Be well, and please take all necessary precautions to keep your body as safe and protected as possible in these times of the COVID-19 spread amongst our global population. Your care and attention to this matter really makes a difference!
Photo by Amin Moshrefi on Unsplash
Instinct, Defense, and the Development of Complex Trauma
Pierre Janet (1859-1947) once wrote, “Traumas produce their disintegrating effects in proportion to their intensity, duration and repetition.” (1909) He was the first in a long line of clinician theorists who have attempted to explain what happens to the human condition as a result of enduring repeated, ongoing neglect and all manner of abuse.
Not All PTSD Is Created Equal
Pierre Janet (1859-1947) once wrote, “Traumas produce their disintegrating effects in proportion to their intensity, duration and repetition.” (1909) He was the first in a long line of clinician theorists who have attempted to explain what happens to the human condition as a result of enduring repeated, ongoing neglect and all manner of abuse. And though contemporary understandings have made PTSD a commonly recognized acronym, a majority of mental health professionals grapple with efficiently treating the complexity that PTSD often involves. Why? The simple answer is that not all PTSD is created equal. Here’s an illustration: Surviving the fallout from a fiery car crash (having previously enjoyed a trauma-free upbringing) is quite different from surviving the latest trauma of a fiery car crash given the backdrop of an abusive, neglectful and chaotic upbringing.
The roots of psychological disintegration that Pierre Janet so elegantly outlined for us come from an instinctual, desperate attempt to survive perceived threat. Humans (at any age) will do whatever is necessary to survive when escape from perceived threat is impossible. Infants cry instinctually in an attempt to get attention, so their physical survival is maximized. And when aggressors are much larger, the primacy of the fight instinct is abandoned for fleeing as the best way to cope. And when fleeing is not an option, what’s left is to submit and comply with the powerful other’s demands; submittal with analgesia (the body goes limp and internal endorphins are released) is the last survival strategy by instinct. These automatic survival processes are designed by nature to segregate traumatic experiences, especially severe and chronic ones. This process helps the survivor to most efficiently focus on daily life despite their trail of traumatic experiences.

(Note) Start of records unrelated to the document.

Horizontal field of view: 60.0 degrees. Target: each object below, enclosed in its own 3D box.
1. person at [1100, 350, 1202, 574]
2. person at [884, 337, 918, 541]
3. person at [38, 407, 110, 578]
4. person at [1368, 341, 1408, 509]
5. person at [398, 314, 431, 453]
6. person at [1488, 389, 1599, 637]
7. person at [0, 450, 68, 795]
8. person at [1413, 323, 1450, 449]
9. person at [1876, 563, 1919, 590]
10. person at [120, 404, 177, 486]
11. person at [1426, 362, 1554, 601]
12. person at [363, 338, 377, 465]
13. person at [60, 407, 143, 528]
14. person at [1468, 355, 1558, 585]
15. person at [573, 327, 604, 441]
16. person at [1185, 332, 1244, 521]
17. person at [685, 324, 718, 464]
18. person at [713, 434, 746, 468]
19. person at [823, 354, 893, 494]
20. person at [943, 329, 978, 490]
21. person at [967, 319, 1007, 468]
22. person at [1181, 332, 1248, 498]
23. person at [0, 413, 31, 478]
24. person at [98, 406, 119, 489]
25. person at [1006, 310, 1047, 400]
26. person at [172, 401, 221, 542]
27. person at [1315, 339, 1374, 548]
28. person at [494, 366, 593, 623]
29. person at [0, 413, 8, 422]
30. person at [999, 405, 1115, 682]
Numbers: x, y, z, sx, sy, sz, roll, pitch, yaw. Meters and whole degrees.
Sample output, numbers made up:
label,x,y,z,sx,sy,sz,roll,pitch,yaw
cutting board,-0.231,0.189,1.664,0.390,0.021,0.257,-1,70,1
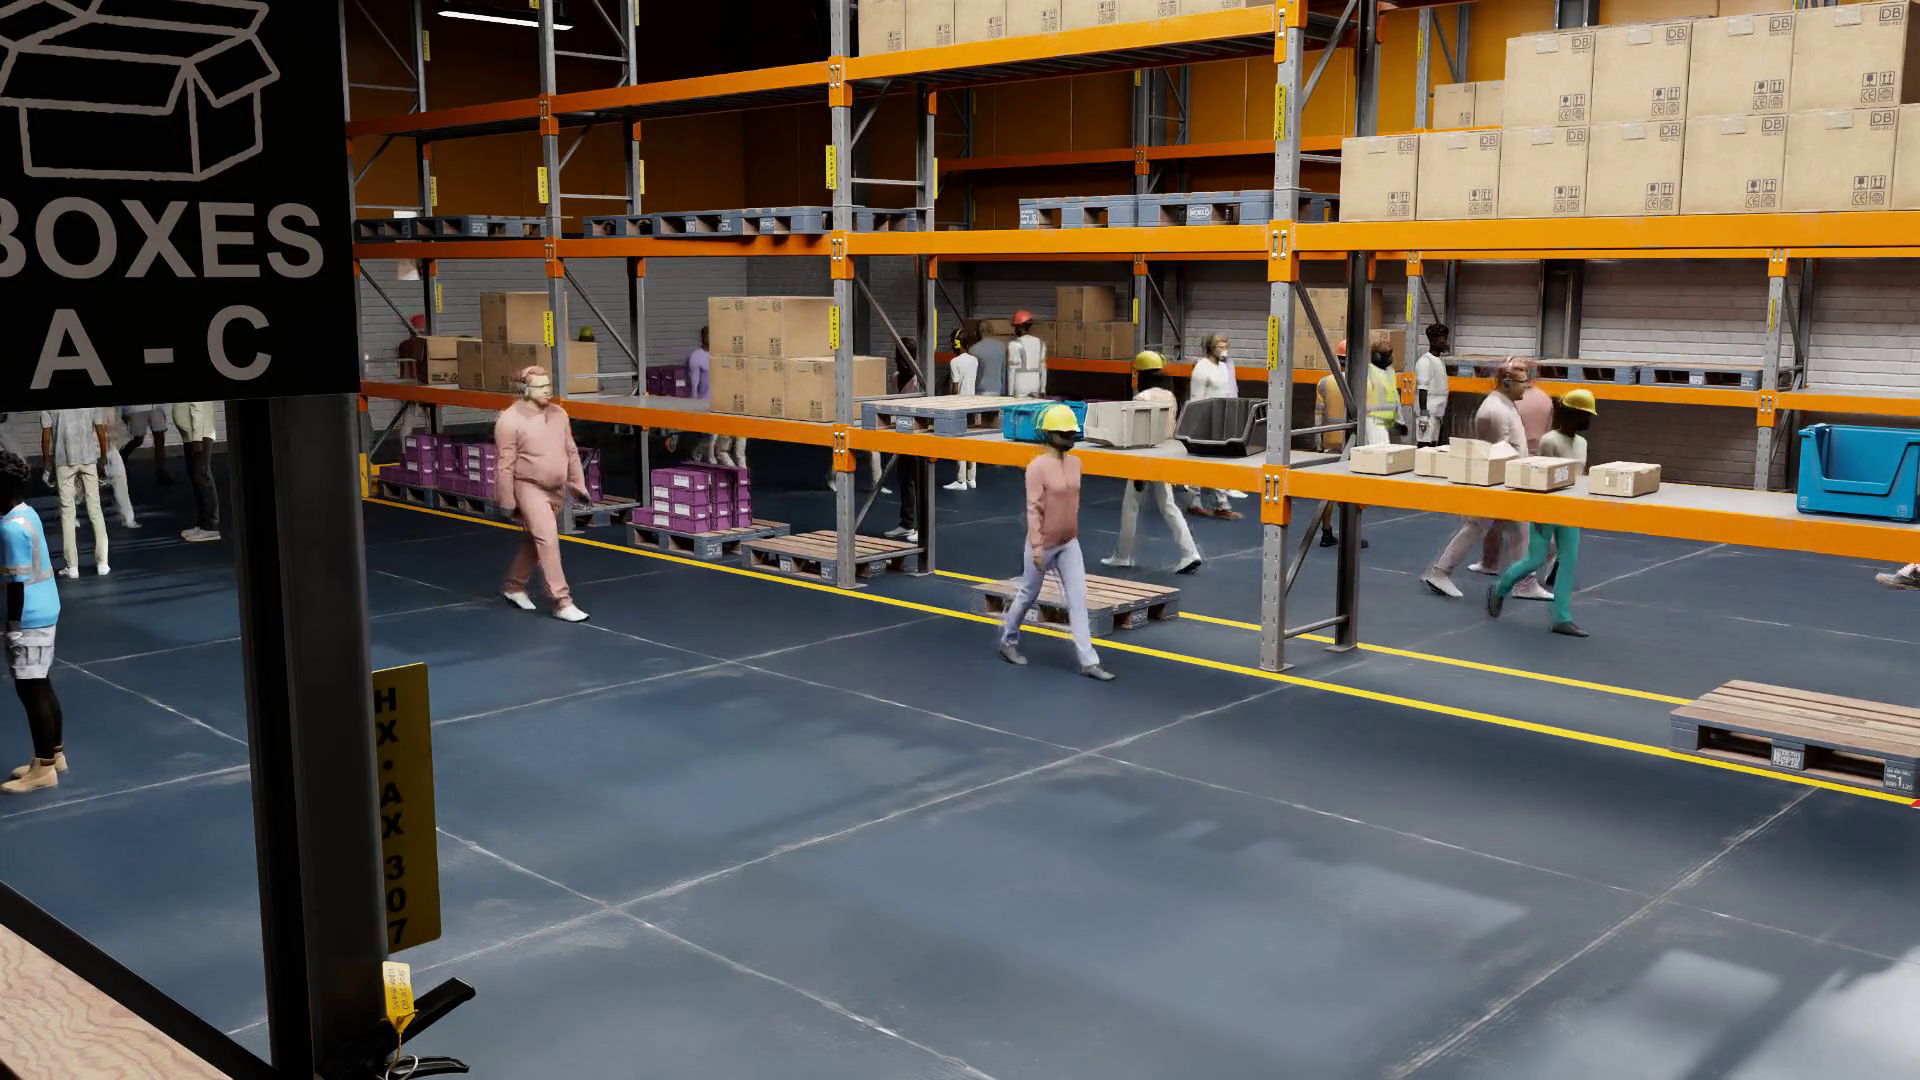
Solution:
label,x,y,z,sx,sy,sz,roll,pitch,yaw
person,1.662,-0.654,14.050,0.967,1.886,0.603,9,13,44
person,-0.459,-0.949,15.739,0.399,1.924,0.598,-7,12,-37
person,-7.357,-0.620,13.823,0.514,1.876,0.328,-7,12,-39
person,4.522,-1.254,17.969,0.960,1.796,0.630,7,12,38
person,-7.011,-1.946,21.666,0.631,1.959,0.763,5,11,29
person,4.179,-0.215,11.793,0.570,1.721,0.747,-6,11,-31
person,-4.595,0.394,8.165,0.321,1.694,0.535,-4,10,-23
person,5.228,-1.423,18.461,0.362,1.963,0.613,6,11,31
person,7.936,-0.541,13.154,1.052,1.939,0.654,3,10,17
person,-9.720,-1.586,19.695,0.825,1.905,0.546,5,10,28
person,4.128,-0.455,12.865,0.959,1.860,0.626,6,11,31
person,-7.305,-1.666,20.138,0.600,1.895,0.789,3,10,16
person,-8.556,-0.901,16.417,0.838,1.606,0.535,3,10,16
person,4.605,-0.583,13.619,0.647,1.865,0.915,-4,10,-24
person,-5.591,-2.348,24.962,0.496,1.697,0.923,4,10,24
person,2.666,-1.152,16.989,0.840,1.908,0.638,5,10,27
person,-3.022,-1.616,19.811,0.767,1.918,0.636,7,11,36
person,-2.555,-1.286,18.666,0.371,1.627,0.518,4,10,22
person,-1.187,-1.325,18.966,0.796,1.605,0.513,6,11,33
person,0.009,-1.515,19.319,0.328,1.873,0.512,6,11,32
person,0.242,-1.900,21.561,0.662,1.905,0.888,-9,13,-44
person,2.822,-1.419,18.759,0.935,1.866,0.638,7,12,36
person,-11.813,-1.595,20.110,0.962,1.781,0.679,-4,10,-23
person,-10.011,-1.490,19.276,0.451,1.828,0.608,-9,13,-43
person,0.893,-1.972,21.625,0.630,2.026,0.634,-9,13,-43
person,-7.248,-0.977,15.692,0.405,1.987,0.608,-7,11,-36
person,3.532,-0.883,15.241,0.551,1.935,0.372,7,12,38
person,-3.102,-0.354,12.244,0.982,1.865,0.647,5,11,29
person,-11.610,-1.571,19.720,0.615,1.851,0.461,-2,10,-15
person,0.576,-0.002,10.517,0.534,1.721,0.926,-8,12,-41

The success of survival from chronic, perceived threat comes at the price of a disintegrated psyche via traumatic learning.
Traumatic learning is very difficult to undo because it holds strong survival value. Here’s an example: A child learns to wall off the realization that the parent who molests her late nights is the same parent smiling and making small talk at the breakfast table the next morning. This child cannot escape the molestations and must carry on a “normal” relationship with that parent. This girl who submits to and experiences the molestations may be remotely aware (or even unaware) of the one who makes small talk with her molester-parent at the breakfast table. This is but one possible effect of traumatic learning processes that are born out of an instinctually defensive purpose to survive.

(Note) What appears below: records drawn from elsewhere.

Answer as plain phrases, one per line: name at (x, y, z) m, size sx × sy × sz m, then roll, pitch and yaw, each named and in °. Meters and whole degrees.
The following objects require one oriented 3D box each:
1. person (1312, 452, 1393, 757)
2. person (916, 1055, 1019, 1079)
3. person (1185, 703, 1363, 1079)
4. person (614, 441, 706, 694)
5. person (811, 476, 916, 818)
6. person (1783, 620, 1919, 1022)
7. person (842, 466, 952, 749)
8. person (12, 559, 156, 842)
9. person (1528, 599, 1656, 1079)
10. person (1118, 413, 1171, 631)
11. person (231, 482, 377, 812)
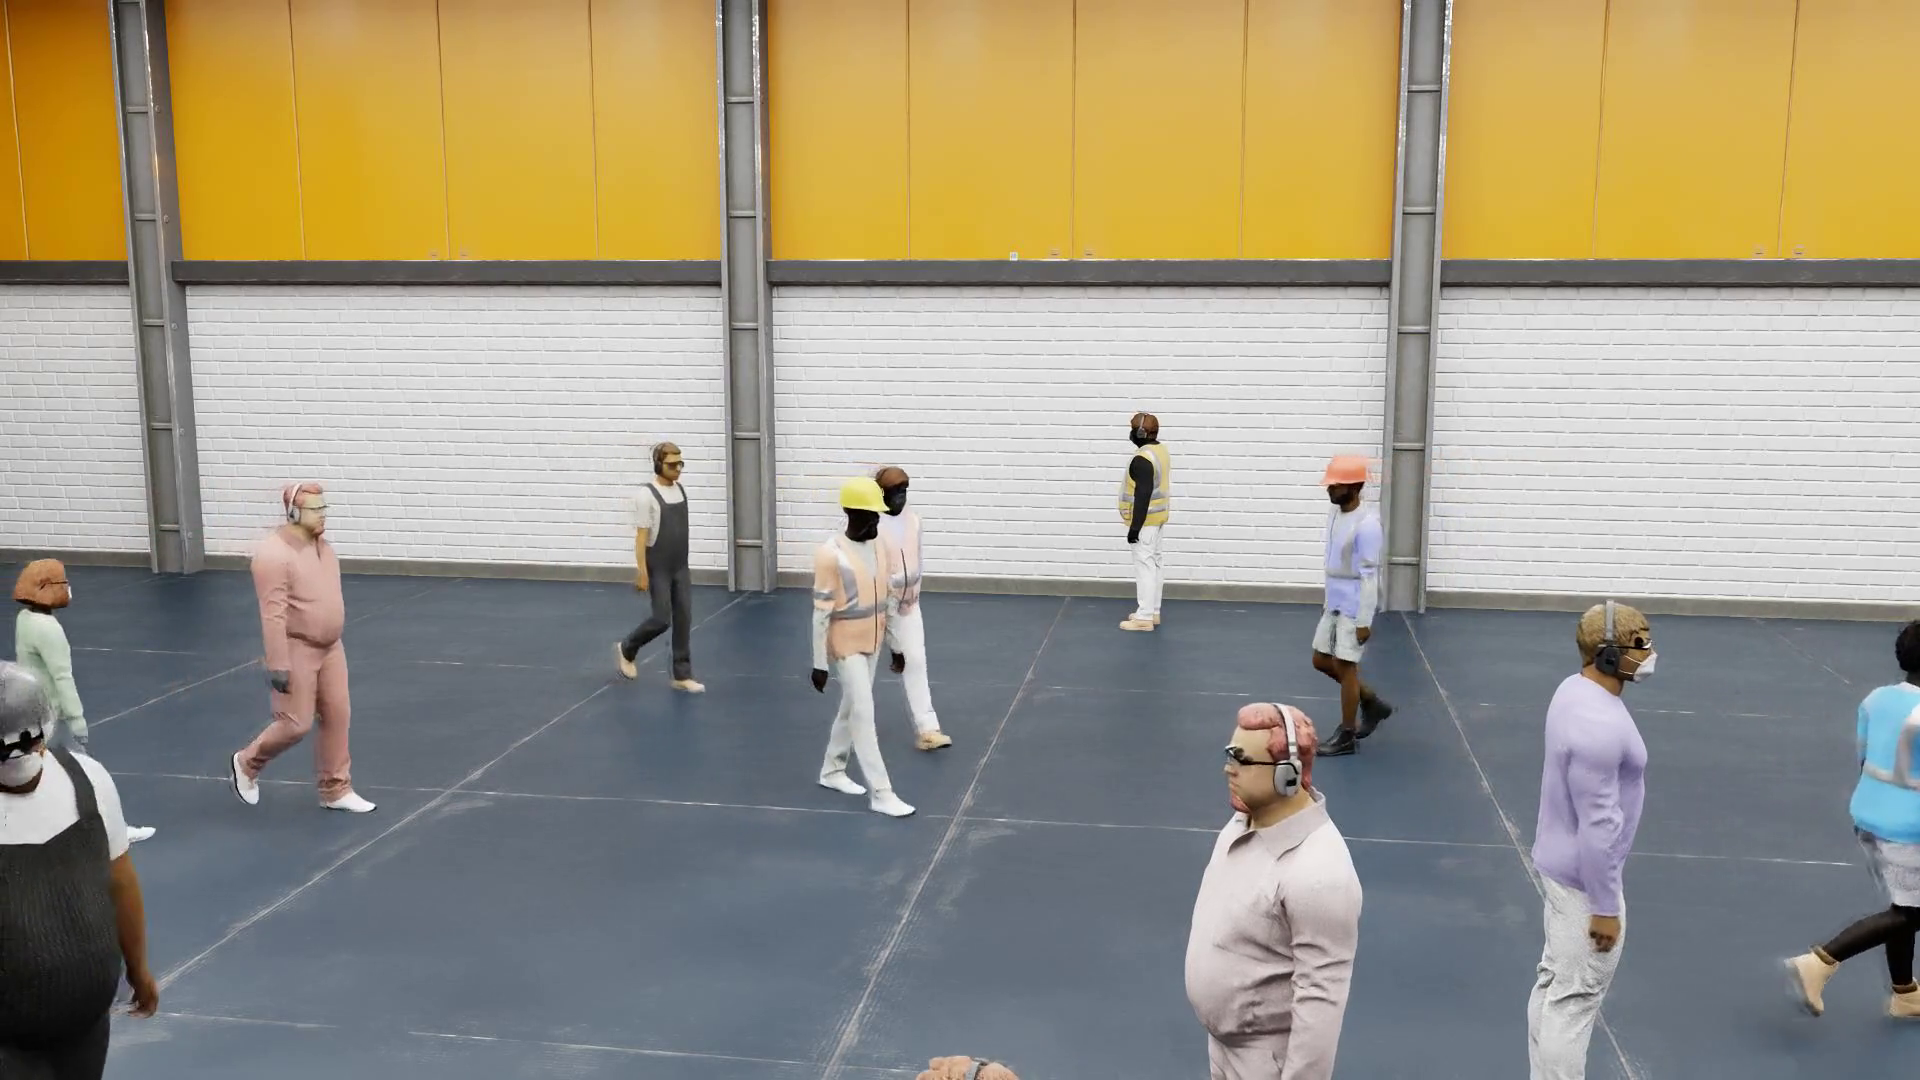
person at (2.443, 0.404, 10.365) m, size 0.519 × 1.923 × 0.570 m, roll -2°, pitch 9°, yaw -12°
person at (-0.038, 1.735, 3.130) m, size 0.831 × 1.591 × 0.541 m, roll 2°, pitch 9°, yaw 12°
person at (0.806, 1.365, 4.482) m, size 0.410 × 1.911 × 0.640 m, roll -2°, pitch 9°, yaw -10°
person at (-2.159, 0.195, 11.967) m, size 0.637 × 1.831 × 0.509 m, roll 5°, pitch 11°, yaw 30°
person at (-0.539, 0.579, 9.416) m, size 0.714 × 1.908 × 0.621 m, roll 6°, pitch 11°, yaw 33°
person at (3.668, 1.136, 6.628) m, size 0.661 × 1.663 × 0.563 m, roll 0°, pitch 9°, yaw 2°
person at (-0.412, 0.445, 10.490) m, size 0.643 × 1.803 × 0.926 m, roll -7°, pitch 11°, yaw -36°
person at (-4.642, 0.881, 8.455) m, size 0.876 × 1.586 × 0.521 m, roll -8°, pitch 12°, yaw -40°
person at (2.147, 1.156, 5.678) m, size 0.374 × 1.941 × 0.627 m, roll 2°, pitch 9°, yaw 14°
person at (1.550, -0.156, 14.073) m, size 0.430 × 1.845 × 0.619 m, roll 4°, pitch 10°, yaw 22°
person at (-3.684, 0.608, 9.231) m, size 0.712 × 1.884 × 0.649 m, roll 2°, pitch 10°, yaw 14°

How Do We Begin To Help Our Clients?
So where do we start as clinicians with treating such complex trauma? We start with gentle kindness, with friendly curiosity. We hold space for our clients’ confusion, their knowing and not knowing about what their past experience holds. And when the time is right, we reaffirm whatever the client had to do in order to survive was alright. That’s where we begin, and that’s where we stay as long as is necessary.
When we, as clinicians, understand these instinctually defensive roots of traumatic response, we can help our traumatized clients begin to stabilize their daily living and to build customized skill sets that address what is needed to eventually confront the realization of their traumas. Out of this process, our clients will eventually make sense of their trauma in terms of who they intend to become—not only as survivors, but also as thrivers.